When
evaluating an explanation of something – anything – one is
naturally concerned with how extensive the explanation is. But an
explanation, no matter how “factual” it purports to be, usually
can't help to at least hint at an editorial comment. That is, the
explanation nudges us toward forming a moral or biased position over
the topic. Let us say I write that the reason the Trayvon Martin
jury found George Zimmerman not guilty is that the state didn't prove
his guilt. Many readers would be disposed to believe that I hold
racist attitudes or that I pine for the “good old days” when
people knew their places. Whether you, the reader, are a racist –
a person who attributes human qualities on the basis of socially
designated racial categories – or anti-racist, you will likely feel
I am either a sympathizer or an antagonist to your beliefs,
respectively. This is especially true of such topics as the trial
where there are emotional positions either way. Each side of this
case has built a narrative of what is believed to have gone down that
night in which the teenager, Martin, was shot and killed.
One
story centers on the idea that a well-conditioned youth pounced on an
innocent man who was following the youth to find out what he was
doing.

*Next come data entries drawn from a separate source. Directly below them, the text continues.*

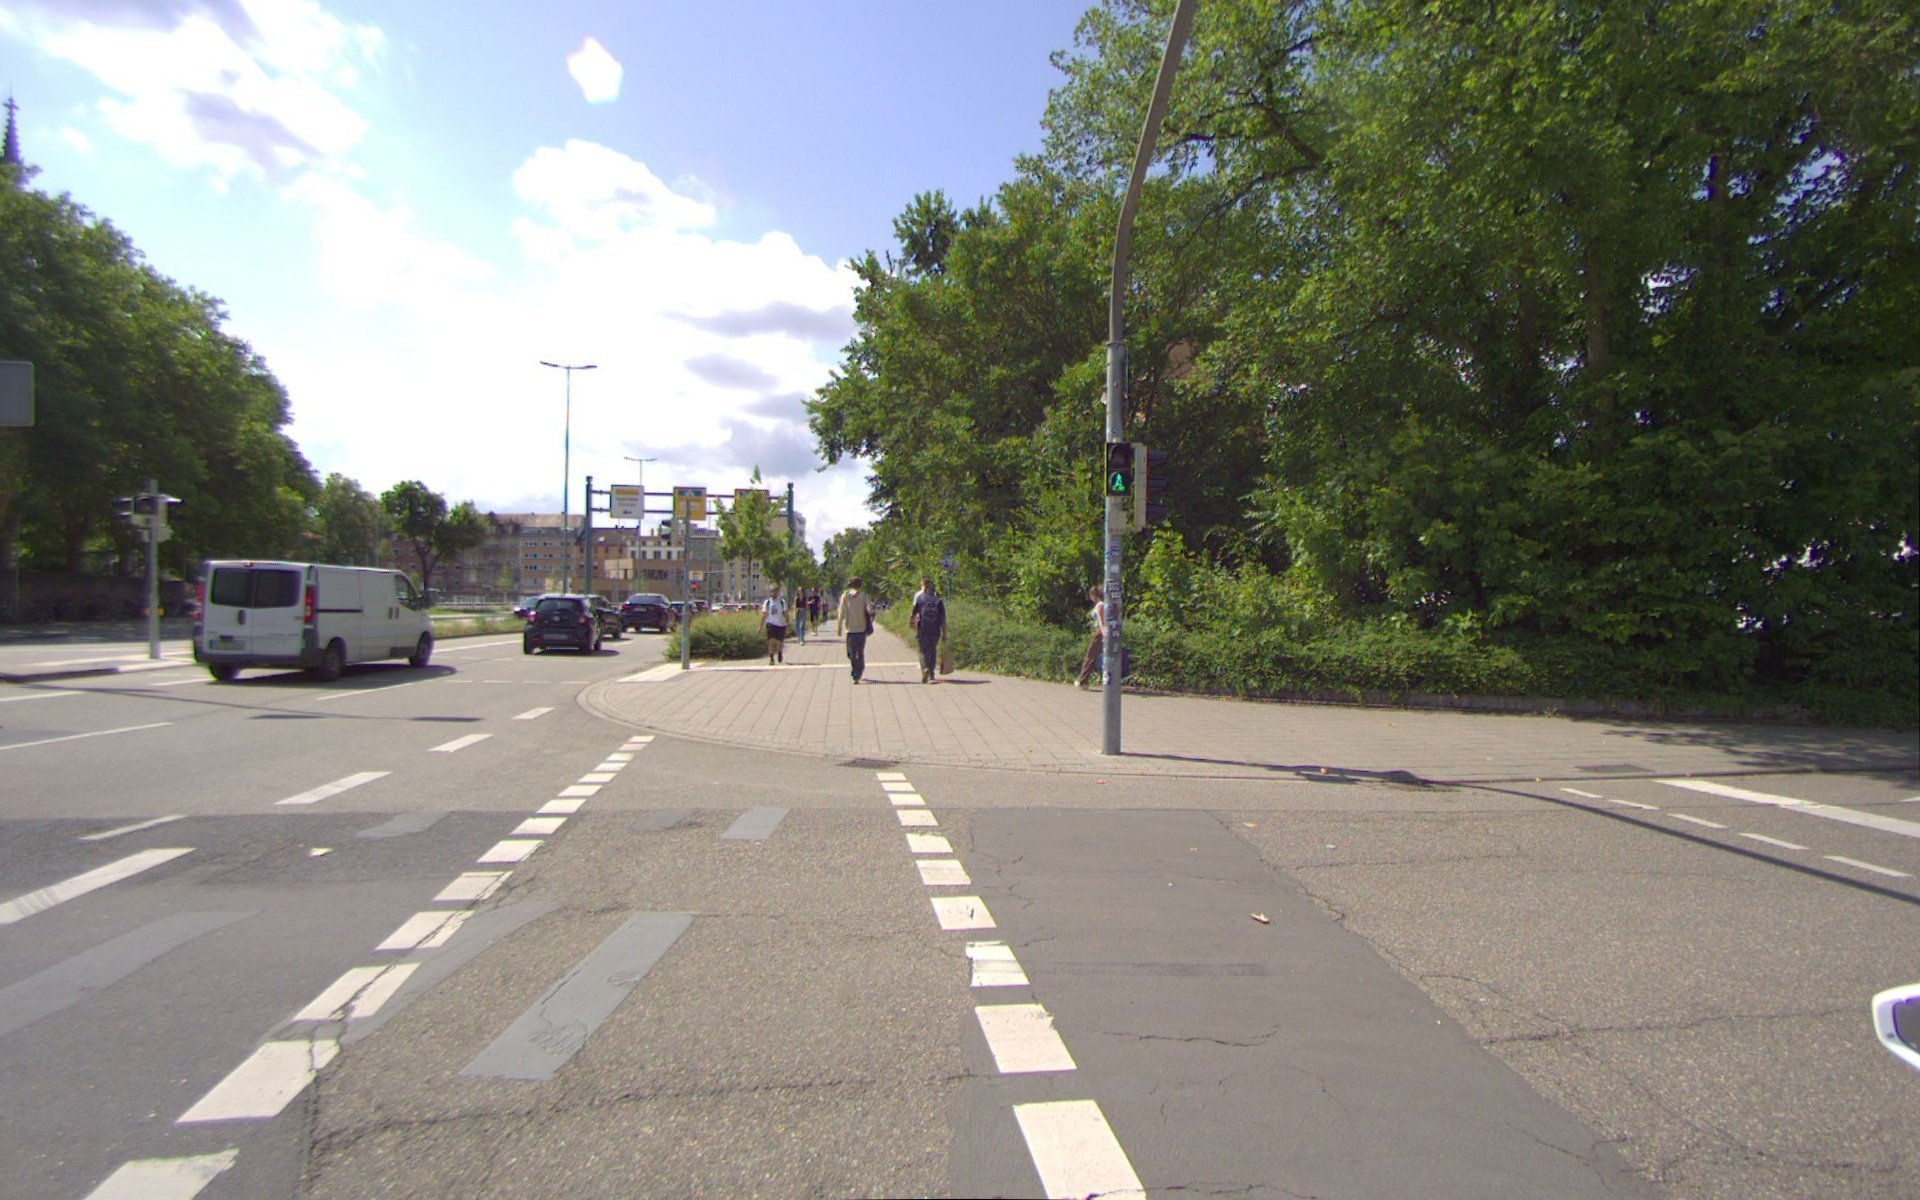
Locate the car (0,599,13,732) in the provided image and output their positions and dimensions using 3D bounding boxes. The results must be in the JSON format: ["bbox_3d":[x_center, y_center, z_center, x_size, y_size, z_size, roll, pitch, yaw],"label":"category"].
[{"bbox_3d":[-10.714,0.666,8.338,1.665,1.405,4.609,1,0,-6],"label":"car"}]

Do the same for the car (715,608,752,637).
[{"bbox_3d":[-11.925,1.146,52.963,1.587,1.430,3.512,1,0,-8],"label":"car"}]

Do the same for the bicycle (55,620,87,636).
[{"bbox_3d":[-40.403,1.261,45.655,0.403,0.691,1.002,1,-1,41],"label":"bicycle"}]

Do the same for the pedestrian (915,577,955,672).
[{"bbox_3d":[-0.507,0.481,19.969,0.661,1.845,0.702,1,0,-10],"label":"pedestrian"}]

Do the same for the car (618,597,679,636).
[{"bbox_3d":[-13.726,0.719,44.499,1.799,1.622,4.388,2,-1,-8],"label":"car"}]

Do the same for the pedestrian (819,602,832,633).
[{"bbox_3d":[-8.885,1.150,66.206,0.826,1.995,0.859,1,0,-10],"label":"pedestrian"}]

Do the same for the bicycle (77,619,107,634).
[{"bbox_3d":[-41.170,1.274,47.645,0.403,0.691,1.002,1,-1,41],"label":"bicycle"}]

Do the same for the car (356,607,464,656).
[{"bbox_3d":[-18.140,1.023,33.319,1.721,1.491,3.802,1,-1,-5],"label":"car"}]

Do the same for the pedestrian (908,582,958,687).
[{"bbox_3d":[-0.448,0.567,17.133,0.782,1.727,1.182,0,0,2],"label":"pedestrian"}]

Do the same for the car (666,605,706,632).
[{"bbox_3d":[-14.523,0.955,53.438,1.587,1.343,3.512,1,0,-8],"label":"car"}]

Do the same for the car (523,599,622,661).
[{"bbox_3d":[-10.290,0.761,26.890,1.586,1.504,3.514,1,0,-6],"label":"car"}]

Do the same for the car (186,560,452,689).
[{"bbox_3d":[-11.477,0.409,18.556,1.975,1.981,5.189,2,-1,-6],"label":"car"}]

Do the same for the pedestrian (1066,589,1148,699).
[{"bbox_3d":[2.297,0.656,15.771,0.846,1.648,1.013,-1,2,-27],"label":"pedestrian"}]

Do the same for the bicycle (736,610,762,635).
[{"bbox_3d":[-18.025,1.913,85.956,1.964,2.040,3.993,2,-1,-10],"label":"bicycle"}]

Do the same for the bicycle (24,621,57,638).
[{"bbox_3d":[-39.228,1.246,42.851,0.403,0.691,1.002,1,-1,41],"label":"bicycle"}]

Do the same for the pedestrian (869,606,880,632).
[{"bbox_3d":[-6.200,1.381,73.060,0.500,1.915,0.553,3,-1,-44],"label":"pedestrian"}]

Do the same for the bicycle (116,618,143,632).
[{"bbox_3d":[-42.970,1.305,51.970,0.403,0.691,1.002,1,-1,41],"label":"bicycle"}]

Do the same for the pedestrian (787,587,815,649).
[{"bbox_3d":[-4.909,0.555,31.019,0.826,1.893,1.017,1,0,-10],"label":"pedestrian"}]

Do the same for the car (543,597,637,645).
[{"bbox_3d":[-13.139,0.711,35.969,1.986,1.550,4.882,2,0,-6],"label":"car"}]

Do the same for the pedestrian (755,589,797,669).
[{"bbox_3d":[-4.076,0.625,22.295,0.838,1.723,0.930,-1,0,-8],"label":"pedestrian"}]

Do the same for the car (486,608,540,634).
[{"bbox_3d":[-26.603,1.253,59.899,1.721,1.491,3.802,1,-1,-5],"label":"car"}]

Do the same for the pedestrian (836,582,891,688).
[{"bbox_3d":[-1.631,0.575,17.110,0.782,1.727,1.182,0,0,2],"label":"pedestrian"}]

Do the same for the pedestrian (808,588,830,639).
[{"bbox_3d":[-5.640,0.536,40.095,0.826,1.995,0.859,1,0,-10],"label":"pedestrian"}]

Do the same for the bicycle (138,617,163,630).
[{"bbox_3d":[-44.826,1.305,55.636,0.403,0.691,1.002,1,-1,41],"label":"bicycle"}]

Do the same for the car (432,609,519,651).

Was the young man stalking about with criminal intent? That
was, it is believed by Zimmerman's defenders, to be the concern of
the neighborhood watchman. When pounced upon, punched in the face,
and with his head being driven down to the concrete sidewalk,
Zimmerman pulled out his gun – legally carried – and shot the
youth in self-defense. This incident demonstrates why we need “stand
your ground” laws.
The
opposing narrative holds that this youth, with Skittles and a drink,
was just walking around the neighborhood – in which he lived, at
least part-time – and was accosted by this over-zealous, want-to-be
cop. Tempers escalated, an altercation ensued, and, because of his
prejudices, Zimmerman pulled out a gun and killed the young man. He
might have believed Martin was about some criminal intent, but this
was due to his bigoted attitudes.
The
details of both of these narratives are sketchy at best since the
only witness is the defendant. His story has not been consistent on
all counts which his defenders claim is normal given the trauma of
the incident but, to his detractors, demonstrates he is not telling
the truth. What we know for sure is that a young person is dead at
the hand of an armed man and that this youth was unarmed. We also
know that the shooter had head and facial injuries that were not
serious and that he had bits of grass along his backside and that his
clothing on his backside was moist at the time he was questioned at
the scene of the incident. Zimmerman is recorded voicing prejudicial
comments when he called the police and he was instructed by the
police person on the phone to not follow the young man. We know
Martin was shot through the chest – one fatal shot. Except for the
exact location of the incident, all the other “facts” were bits
of interpretive analysis by “experts” of the physical evidence.
This
case is ideal for the purposes of teaching about several federalist
principles. One is local involvement by citizens; two, is the
principle of equality and to the degree that citizens hold other
citizens within a sense of “partnership” in a federal
arrangement; three, the adversary model of trials in our judicial
system, and four, the belief in innocence until proven guilty beyond
a reasonable doubt – of particular interest here would be the
relatively high bar such a standard represents.
For
example, if I were teaching this topic, I would stress that a “not
guilty” verdict does not mean that the members of the jury
necessarily believe the Zimmerman narrative, but only that the Martin
narrative was not proven by the prosecution beyond a reasonable
doubt. This latter point is important because common punditry on TV
seems to emphasize that the jury did not believe the state's
contention against Zimmerman. This is not necessarily true. Using a
lower standard of belief, the jury might very well believe in what
the prosecution presented. But when they applied the “beyond a
reasonable doubt” standard, they could not in good conscience
accept that narrative. This understanding is essential if we are to
hold to our belief in the reasonable doubt standard. This whole
concern points out how unnatural it is for us to live by such a
standard. We naturally want to either believe or disbelieve in a
narrative. But, as Plato reminds us, belief lies somewhere between
ignorance and knowledge. We should remember, in all of this, that it
is possible to be wrong even when we believe in something beyond a
reasonable doubt. The history of overturned convictions provides
testimony to this probability.
I
am glad to see that the case has been the stimulus for a national
consideration of our attitudes toward race. I appreciate President
Obama's language the other day emphasizing that the trial is over and
that it was conducted according to our established procedures. Given
this and given the fact that the trial has generated such an
emotional response, we should take the time and effort to discuss our
racial beliefs and attitudes. If the shooter were black and the
deceased white, would we honestly believe in the narrative we have
chosen to believe? This is a good test of how non-racial our
attitude is about the case. As a matter of fact, a good way to
introduce the topic in a classroom is to present a news report of the
event with the race of the subjects reversed and see how students
initially react to the shooting. Perhaps some time needs to pass for
this bit of classroom trickery to work.